Controllable Graph Generation with Diffusion Models via Inference-Time Tree Search Guidance
Jiachi Zhao, Zehong Wang, Yamei Liao, Chuxu Zhang, Yanfang Ye
TL;DR
TreeDiff addresses the challenge of controllable graph generation with diffusion models by introducing an inference-time, planning-based framework that uses Monte Carlo Tree Search to navigate long denoising trajectories. It combines three innovations—macro-step expansion to reduce search depth, dual-space denoising to couple latent efficiency with graph-level fidelity, and a dual-space verifier to provide rollout-free long-horizon value estimates. Empirical results on 2D and 3D molecular generation show state-of-the-art performance in both conditional and unconditional settings, with robust inference-time scaling and improved stability over existing inference-time guidance methods.

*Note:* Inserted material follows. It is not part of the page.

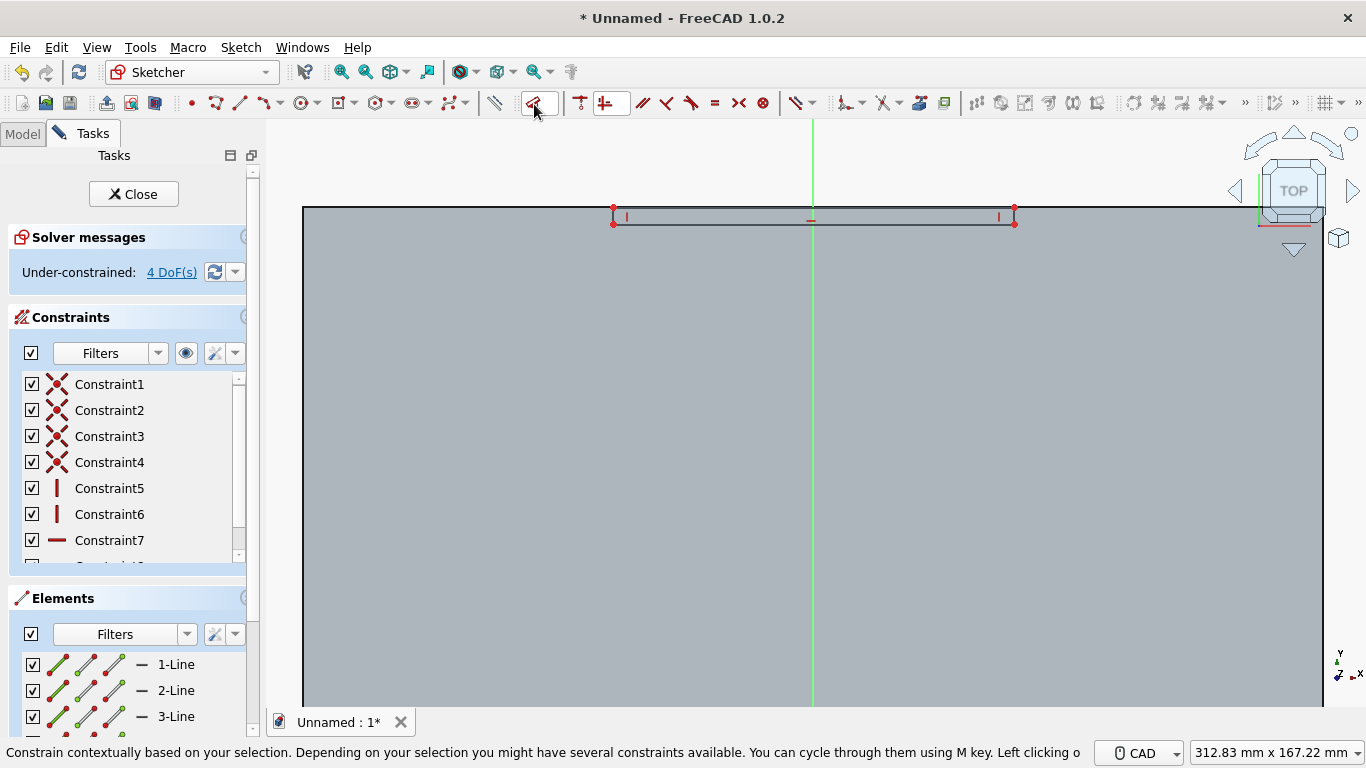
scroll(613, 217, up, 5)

This approach enables multi-objective, design-driven graph generation without retraining, with clear benefits for drug discovery and materials science where structured validity and property alignment are crucial.
Abstract
Graph generation is a fundamental problem in graph learning with broad applications across Web-scale systems, knowledge graphs, and scientific domains such as drug and material discovery. Recent approaches leverage diffusion models for step-by-step generation, yet unconditional diffusion offers little control over desired properties, often leading to unstable quality and difficulty in incorporating new objectives. Inference-time guidance methods mitigate these issues by adjusting the sampling process without retraining, but they remain inherently local, heuristic, and limited in controllability. To overcome these limitations, we propose TreeDiff, a Monte Carlo Tree Search (MCTS) guided dual-space diffusion framework for controllable graph generation. TreeDiff is a plug-and-play inference-time method that expands the search space while keeping computation tractable. Specifically, TreeDiff introduces three key designs to make it practical and scalable: (1) a macro-step expansion strategy that groups multiple denoising updates into a single transition, reducing tree depth and enabling long-horizon exploration; (2) a dual-space denoising mechanism that couples efficient latent-space denoising with lightweight discrete correction in graph space, ensuring both scalability and structural fidelity; and (3) a dual-space verifier that predicts long-term rewards from partially denoised graphs, enabling early value estimation and removing the need for full rollouts. Extensive experiments on 2D and 3D molecular generation benchmarks, under both unconditional and conditional settings, demonstrate that TreeDiff achieves state-of-the-art performance. Notably, TreeDiff exhibits favorable inference-time scaling: it continues to improve with additional computation, while existing inference-time methods plateau early under limited resources.